> **Task goal**: From the records below, output exactly the lines running from the line containing "extrude(amount=CYLINDER001_DEPTH)" through the line containing "chamfer001_edges = [cut002.edges().sort_by_distance(p)[0]", and no others.

> **Collected data**:
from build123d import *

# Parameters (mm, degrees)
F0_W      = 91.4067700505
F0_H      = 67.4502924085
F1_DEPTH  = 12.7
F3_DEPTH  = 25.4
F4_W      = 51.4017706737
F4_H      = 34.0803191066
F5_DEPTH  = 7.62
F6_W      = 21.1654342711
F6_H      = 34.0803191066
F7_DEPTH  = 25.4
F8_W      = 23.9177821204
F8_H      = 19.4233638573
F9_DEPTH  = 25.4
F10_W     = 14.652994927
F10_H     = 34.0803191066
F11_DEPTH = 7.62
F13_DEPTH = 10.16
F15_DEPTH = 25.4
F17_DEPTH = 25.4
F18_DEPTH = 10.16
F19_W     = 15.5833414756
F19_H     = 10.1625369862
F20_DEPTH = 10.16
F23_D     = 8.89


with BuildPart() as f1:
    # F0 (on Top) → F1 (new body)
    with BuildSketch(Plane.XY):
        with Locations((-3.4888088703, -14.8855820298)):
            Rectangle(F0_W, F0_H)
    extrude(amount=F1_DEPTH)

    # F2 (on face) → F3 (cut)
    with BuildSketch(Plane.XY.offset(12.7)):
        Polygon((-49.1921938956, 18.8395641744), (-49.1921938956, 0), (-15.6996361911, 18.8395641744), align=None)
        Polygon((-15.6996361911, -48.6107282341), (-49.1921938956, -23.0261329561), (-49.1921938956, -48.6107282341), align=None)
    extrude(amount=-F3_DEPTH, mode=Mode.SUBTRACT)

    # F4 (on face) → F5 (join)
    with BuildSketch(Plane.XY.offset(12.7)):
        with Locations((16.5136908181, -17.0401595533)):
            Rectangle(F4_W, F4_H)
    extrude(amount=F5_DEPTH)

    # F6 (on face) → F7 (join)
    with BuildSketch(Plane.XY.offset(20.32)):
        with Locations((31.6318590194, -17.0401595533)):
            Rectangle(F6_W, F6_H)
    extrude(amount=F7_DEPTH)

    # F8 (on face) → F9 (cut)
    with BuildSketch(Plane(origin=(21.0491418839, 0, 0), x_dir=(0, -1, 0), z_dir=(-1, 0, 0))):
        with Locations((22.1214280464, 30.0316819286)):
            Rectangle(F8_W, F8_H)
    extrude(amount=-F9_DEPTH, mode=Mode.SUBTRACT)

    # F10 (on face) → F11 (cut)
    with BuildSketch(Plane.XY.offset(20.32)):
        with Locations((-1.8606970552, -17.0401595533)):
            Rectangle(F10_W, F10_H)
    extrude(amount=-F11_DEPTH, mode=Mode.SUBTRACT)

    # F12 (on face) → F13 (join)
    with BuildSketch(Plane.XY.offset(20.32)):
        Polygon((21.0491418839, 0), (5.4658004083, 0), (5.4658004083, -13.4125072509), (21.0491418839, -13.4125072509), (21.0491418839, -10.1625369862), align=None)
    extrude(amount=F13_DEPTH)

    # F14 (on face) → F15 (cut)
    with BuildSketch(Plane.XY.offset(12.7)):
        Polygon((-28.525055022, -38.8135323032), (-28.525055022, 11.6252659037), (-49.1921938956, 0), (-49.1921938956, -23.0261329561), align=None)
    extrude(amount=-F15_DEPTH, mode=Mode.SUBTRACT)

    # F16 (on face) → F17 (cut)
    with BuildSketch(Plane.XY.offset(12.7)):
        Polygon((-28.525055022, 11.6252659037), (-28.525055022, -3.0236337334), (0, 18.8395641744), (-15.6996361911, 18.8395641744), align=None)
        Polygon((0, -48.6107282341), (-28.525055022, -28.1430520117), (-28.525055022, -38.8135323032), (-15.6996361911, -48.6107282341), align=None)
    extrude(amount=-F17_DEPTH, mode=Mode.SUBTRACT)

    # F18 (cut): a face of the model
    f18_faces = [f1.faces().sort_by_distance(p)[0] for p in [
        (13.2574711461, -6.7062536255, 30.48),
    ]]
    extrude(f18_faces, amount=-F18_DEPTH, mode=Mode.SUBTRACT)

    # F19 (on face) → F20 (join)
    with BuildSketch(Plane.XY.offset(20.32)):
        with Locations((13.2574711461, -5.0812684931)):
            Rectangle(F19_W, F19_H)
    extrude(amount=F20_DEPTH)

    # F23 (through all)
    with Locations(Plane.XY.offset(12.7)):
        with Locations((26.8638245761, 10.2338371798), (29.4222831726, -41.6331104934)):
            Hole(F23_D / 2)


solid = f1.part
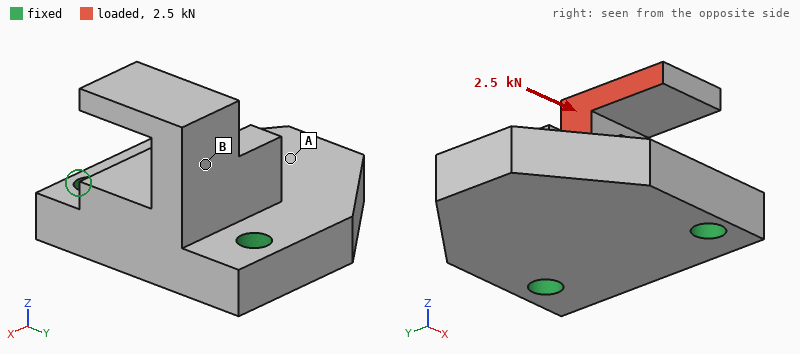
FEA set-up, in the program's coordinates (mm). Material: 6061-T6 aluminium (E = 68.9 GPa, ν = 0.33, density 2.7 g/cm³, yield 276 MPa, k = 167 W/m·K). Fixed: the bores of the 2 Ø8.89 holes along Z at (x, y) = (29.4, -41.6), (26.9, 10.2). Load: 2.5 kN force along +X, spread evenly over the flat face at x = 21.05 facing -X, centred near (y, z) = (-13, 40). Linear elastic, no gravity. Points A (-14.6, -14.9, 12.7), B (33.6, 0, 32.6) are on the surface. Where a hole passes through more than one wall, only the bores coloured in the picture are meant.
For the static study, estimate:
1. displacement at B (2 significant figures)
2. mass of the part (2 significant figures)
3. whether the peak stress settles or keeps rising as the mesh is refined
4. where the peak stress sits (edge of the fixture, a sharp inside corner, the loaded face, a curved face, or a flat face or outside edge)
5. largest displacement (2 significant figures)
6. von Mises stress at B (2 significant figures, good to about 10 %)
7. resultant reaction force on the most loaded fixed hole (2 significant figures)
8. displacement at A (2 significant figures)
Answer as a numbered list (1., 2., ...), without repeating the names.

* * *

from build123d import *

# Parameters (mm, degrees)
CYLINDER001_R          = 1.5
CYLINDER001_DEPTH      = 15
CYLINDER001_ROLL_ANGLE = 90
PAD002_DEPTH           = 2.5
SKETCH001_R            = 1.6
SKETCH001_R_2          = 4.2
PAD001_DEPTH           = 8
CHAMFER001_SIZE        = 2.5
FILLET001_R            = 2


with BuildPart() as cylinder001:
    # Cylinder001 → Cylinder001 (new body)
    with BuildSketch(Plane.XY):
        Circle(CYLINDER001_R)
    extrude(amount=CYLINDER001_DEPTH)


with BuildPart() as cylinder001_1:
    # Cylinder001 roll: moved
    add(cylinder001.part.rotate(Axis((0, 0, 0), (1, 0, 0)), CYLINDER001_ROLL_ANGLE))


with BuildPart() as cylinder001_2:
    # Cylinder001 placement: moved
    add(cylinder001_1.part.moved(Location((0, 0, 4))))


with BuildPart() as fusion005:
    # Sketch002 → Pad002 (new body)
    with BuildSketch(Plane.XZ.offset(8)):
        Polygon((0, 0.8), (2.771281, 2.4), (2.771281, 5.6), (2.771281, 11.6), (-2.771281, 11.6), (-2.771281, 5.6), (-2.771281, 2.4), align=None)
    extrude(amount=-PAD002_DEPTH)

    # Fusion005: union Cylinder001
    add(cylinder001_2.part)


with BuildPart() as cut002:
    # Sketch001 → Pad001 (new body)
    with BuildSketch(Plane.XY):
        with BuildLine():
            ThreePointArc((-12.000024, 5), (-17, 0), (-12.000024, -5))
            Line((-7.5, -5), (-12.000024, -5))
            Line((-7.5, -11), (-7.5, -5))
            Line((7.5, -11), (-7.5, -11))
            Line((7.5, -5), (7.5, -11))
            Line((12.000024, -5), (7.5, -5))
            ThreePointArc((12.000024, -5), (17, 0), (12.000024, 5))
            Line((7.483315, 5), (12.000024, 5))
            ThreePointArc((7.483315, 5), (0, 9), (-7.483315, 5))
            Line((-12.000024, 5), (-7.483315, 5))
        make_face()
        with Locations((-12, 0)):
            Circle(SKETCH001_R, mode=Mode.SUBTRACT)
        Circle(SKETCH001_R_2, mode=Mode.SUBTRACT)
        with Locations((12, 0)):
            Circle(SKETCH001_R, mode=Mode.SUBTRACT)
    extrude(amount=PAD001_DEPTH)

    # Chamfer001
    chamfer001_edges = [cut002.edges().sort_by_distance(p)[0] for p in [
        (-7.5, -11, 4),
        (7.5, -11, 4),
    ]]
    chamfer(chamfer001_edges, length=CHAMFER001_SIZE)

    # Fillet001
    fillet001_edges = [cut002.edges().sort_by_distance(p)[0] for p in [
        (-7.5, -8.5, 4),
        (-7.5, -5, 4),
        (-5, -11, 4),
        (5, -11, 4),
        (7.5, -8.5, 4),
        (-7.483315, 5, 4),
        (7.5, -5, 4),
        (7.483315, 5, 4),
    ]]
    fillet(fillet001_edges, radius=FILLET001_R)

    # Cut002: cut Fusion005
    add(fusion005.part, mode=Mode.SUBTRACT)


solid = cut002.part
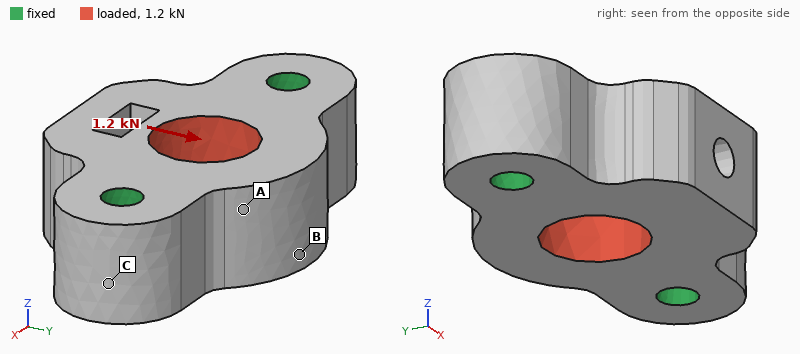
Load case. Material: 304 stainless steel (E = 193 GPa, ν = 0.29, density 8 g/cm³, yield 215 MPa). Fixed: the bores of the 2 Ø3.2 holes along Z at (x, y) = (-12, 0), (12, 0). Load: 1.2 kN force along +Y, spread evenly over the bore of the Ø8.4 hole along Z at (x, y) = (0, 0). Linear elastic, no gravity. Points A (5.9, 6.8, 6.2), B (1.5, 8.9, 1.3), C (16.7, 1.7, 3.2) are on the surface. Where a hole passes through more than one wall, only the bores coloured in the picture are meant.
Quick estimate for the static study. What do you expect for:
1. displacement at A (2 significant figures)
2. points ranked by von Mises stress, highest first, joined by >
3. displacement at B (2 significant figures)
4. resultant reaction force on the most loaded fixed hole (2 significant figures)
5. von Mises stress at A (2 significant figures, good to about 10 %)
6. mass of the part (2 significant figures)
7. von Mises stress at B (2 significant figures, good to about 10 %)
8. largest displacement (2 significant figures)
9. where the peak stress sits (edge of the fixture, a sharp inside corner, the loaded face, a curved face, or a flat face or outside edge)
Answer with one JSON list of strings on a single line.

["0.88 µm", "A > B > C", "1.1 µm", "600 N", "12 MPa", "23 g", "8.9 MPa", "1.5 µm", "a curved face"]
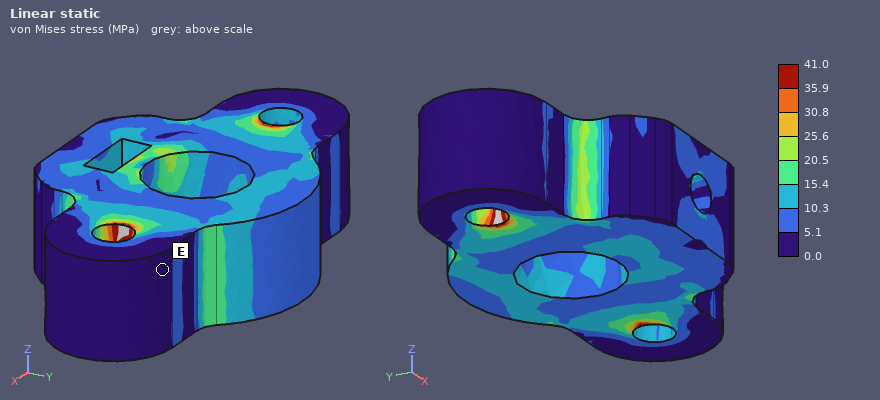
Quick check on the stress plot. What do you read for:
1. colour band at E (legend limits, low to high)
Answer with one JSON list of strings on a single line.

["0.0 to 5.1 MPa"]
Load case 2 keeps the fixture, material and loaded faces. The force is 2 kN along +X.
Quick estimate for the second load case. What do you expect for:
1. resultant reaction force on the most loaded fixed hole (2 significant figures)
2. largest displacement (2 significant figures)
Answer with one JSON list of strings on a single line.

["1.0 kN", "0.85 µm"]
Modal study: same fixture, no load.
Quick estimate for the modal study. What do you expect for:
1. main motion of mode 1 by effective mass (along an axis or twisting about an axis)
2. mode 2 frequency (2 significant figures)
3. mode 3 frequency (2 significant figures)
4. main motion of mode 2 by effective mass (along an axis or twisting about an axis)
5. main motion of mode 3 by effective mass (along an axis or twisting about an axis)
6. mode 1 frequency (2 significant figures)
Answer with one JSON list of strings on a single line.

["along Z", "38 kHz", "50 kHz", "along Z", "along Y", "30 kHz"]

> **Worked solution**:
    extrude(amount=CYLINDER001_DEPTH)


with BuildPart() as cylinder001_1:
    # Cylinder001 roll: moved
    add(cylinder001.part.rotate(Axis((0, 0, 0), (1, 0, 0)), CYLINDER001_ROLL_ANGLE))


with BuildPart() as cylinder001_2:
    # Cylinder001 placement: moved
    add(cylinder001_1.part.moved(Location((0, 0, 4))))


with BuildPart() as fusion005:
    # Sketch002 → Pad002 (new body)
    with BuildSketch(Plane.XZ.offset(8)):
        Polygon((0, 0.8), (2.771281, 2.4), (2.771281, 5.6), (2.771281, 11.6), (-2.771281, 11.6), (-2.771281, 5.6), (-2.771281, 2.4), align=None)
    extrude(amount=-PAD002_DEPTH)

    # Fusion005: union Cylinder001
    add(cylinder001_2.part)


with BuildPart() as cut002:
    # Sketch001 → Pad001 (new body)
    with BuildSketch(Plane.XY):
        with BuildLine():
            ThreePointArc((-12.000024, 5), (-17, 0), (-12.000024, -5))
            Line((-7.5, -5), (-12.000024, -5))
            Line((-7.5, -11), (-7.5, -5))
            Line((7.5, -11), (-7.5, -11))
            Line((7.5, -5), (7.5, -11))
            Line((12.000024, -5), (7.5, -5))
            ThreePointArc((12.000024, -5), (17, 0), (12.000024, 5))
            Line((7.483315, 5), (12.000024, 5))
            ThreePointArc((7.483315, 5), (0, 9), (-7.483315, 5))
            Line((-12.000024, 5), (-7.483315, 5))
        make_face()
        with Locations((-12, 0)):
            Circle(SKETCH001_R, mode=Mode.SUBTRACT)
        Circle(SKETCH001_R_2, mode=Mode.SUBTRACT)
        with Locations((12, 0)):
            Circle(SKETCH001_R, mode=Mode.SUBTRACT)
    extrude(amount=PAD001_DEPTH)

    # Chamfer001
    chamfer001_edges = [cut002.edges().sort_by_distance(p)[0] for p in [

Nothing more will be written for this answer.